The different effects of anticoagulant therapy on COVID‐19 patients or not showing the expected effect may be due to additional pathophysiological conditions other than thrombosis. With the direct invasion of the virus into endothelial cells, the inflammatory process begins and diffuse vascular inflammation develops as a result of extensive endothelitis, immune complex accumulation, and type 3 hypersensitivity reaction. Studies have shown that pulmonary capillary angiopathy and vasculitis caused by COVID‐19 may occur as a result of these mechanisms. , , This may explain why anticoagulant therapy alone is not effective in treating vascular complications caused by COVID‐19 infection.

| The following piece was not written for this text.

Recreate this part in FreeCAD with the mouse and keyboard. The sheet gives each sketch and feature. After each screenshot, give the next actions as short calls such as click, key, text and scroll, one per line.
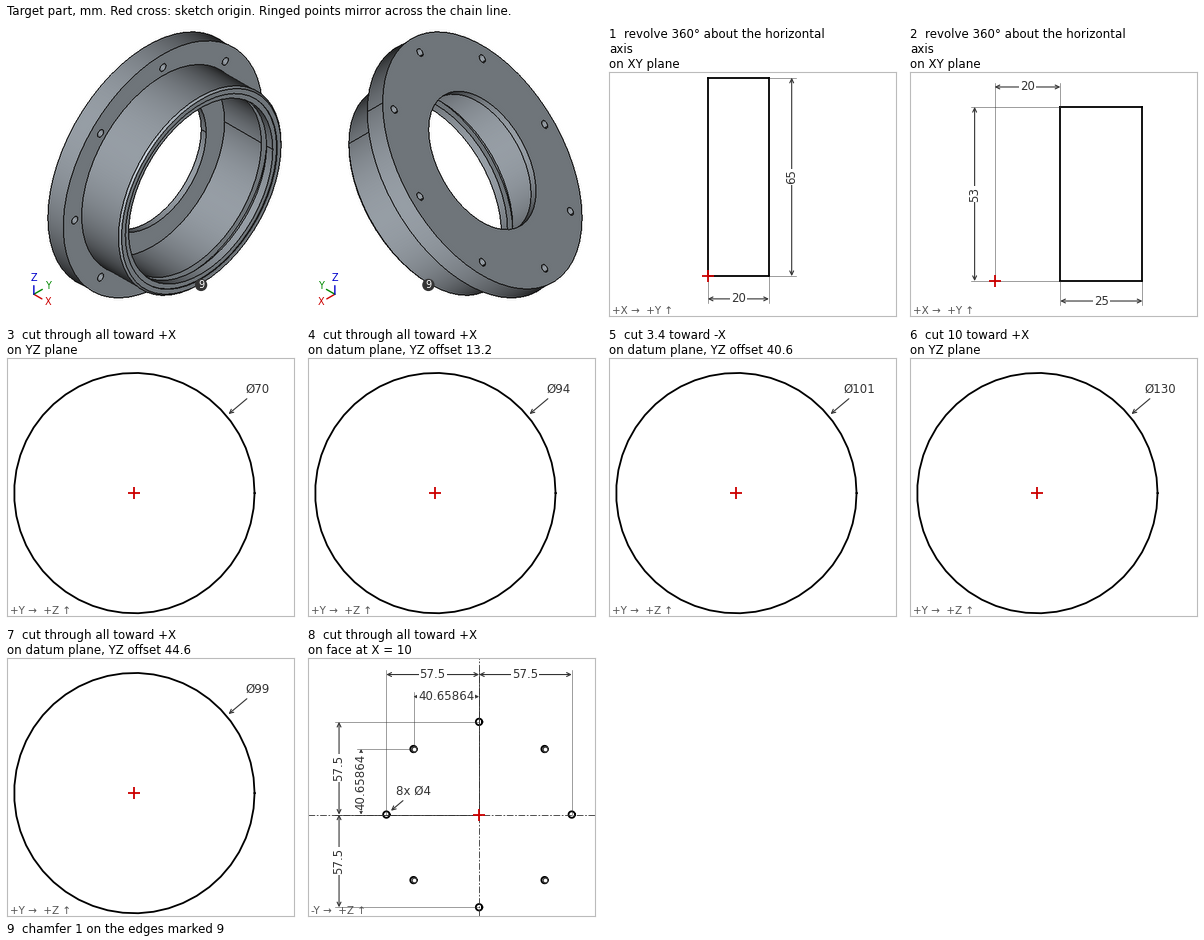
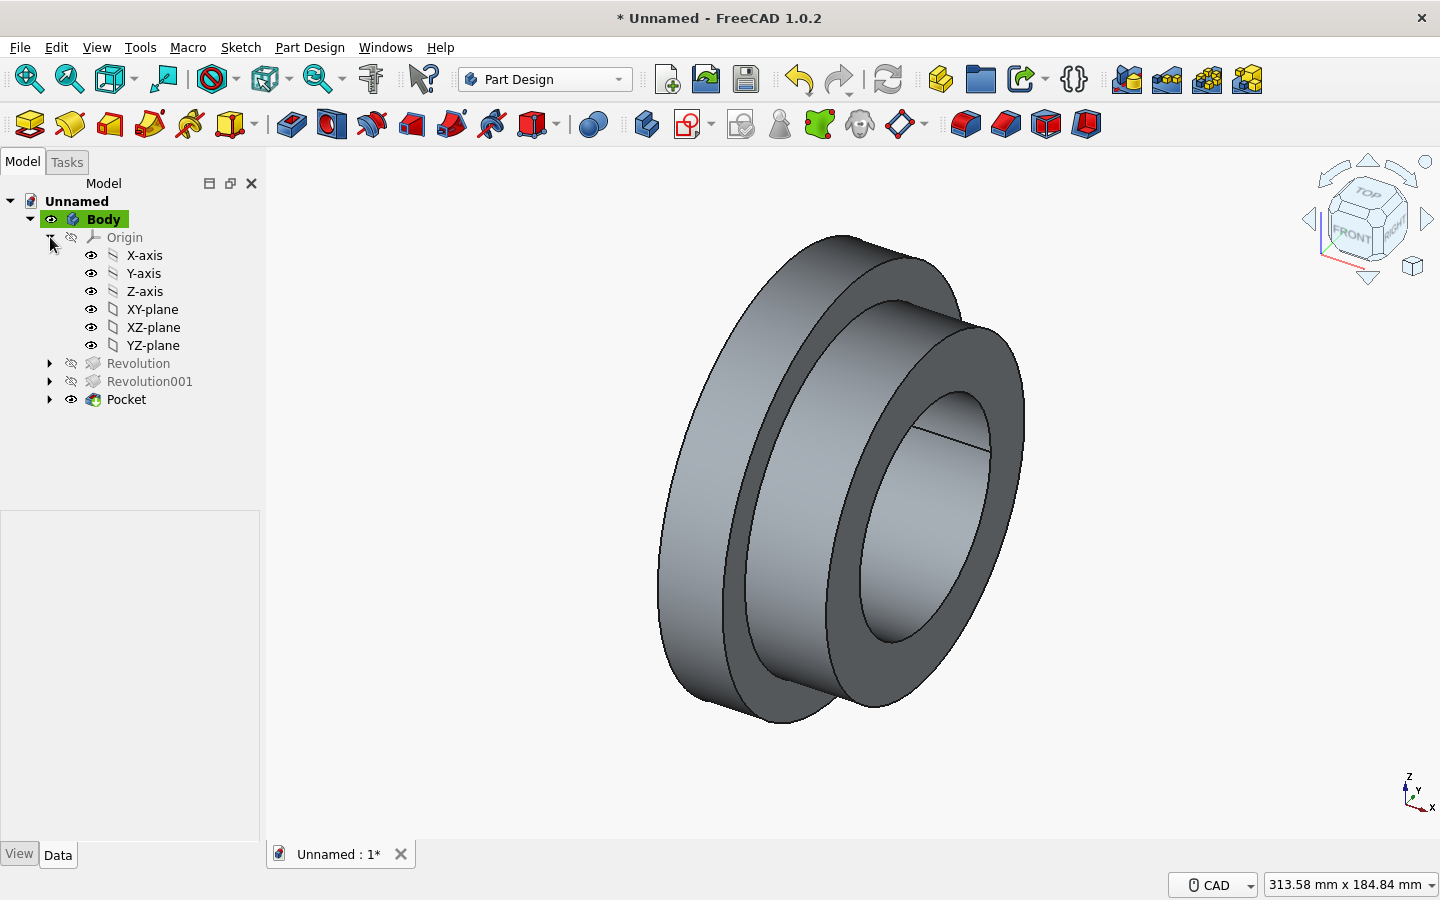
click(136, 345)

Gremese et al. have shown the hypoperfusion in affected areas by the early COVID‐19 pneumonia, and they asserted this situation may be due to microvascular thrombosis rather than classical pulmonary embolism. Another study demonstrated that hyperinflammation and leukotrombosis were the main underlying causes of ARDS patients and high d‐dimer levels with high CRP and ferritin are laboratory findings of this situation. , Although high d‐dimer levels, lung hypoperfusion (due to leukotrombosis) can be detected without pulmonary embolism. Gremese and colleagues suggested that DOAC therapy may be ineffective in leukocyte‐related thrombosis and insufficient to prevent severe COVID‐19 infection. Similarly to these studies, we did not observe a positive effect of using DOAC before the hospital admission in hospitalized COVID‐19 patients. We found a higher rate of ICU admission and higher mortality in the DOAC group. This finding may be explained by the fact that patients using DOAC are older and have more comorbid diseases rather than the use of DOAC. Elderly patients are more fragile and susceptible to COVID‐19 complications, and we also know that comorbid diseases and advanced age are associated with morbidity and mortality in COVID‐19 infection.

Study limitations

This is an observational study and, like all similar studies, there may be some limitations. The single‐centre nature of our study may reduce the effect of different patient populations on outcomes. İnterpretation of the findings might be limited due to the small number of patients on DOAC treatment and selection bias. Missing even a single dose of DOAC drugs will cause a decrease in effective plasma concentrations. Due to its retrospective nature, it is not known that patients on DOAC therapy using their drugs regularly and in effective doses, so effective anticoagulation may not be achieved in these patients and these factors may have an impact on the results. Therefore, randomized, controlled studies with more patients are needed on this subject.

CONCLUSION

In the present study, we observed that using DOAC prior to hospitalization had no protective effect on mortality and intensive care need in hospitalized COVID‐19 patients. Also, since patients who are on DOAC treatment are older and have more comorbid diseases, they should be hospitalized and followed up more closely after the diagnosis of COVID‐19 infection.

DISCLOSURES

The authors declared no conflicts of interest.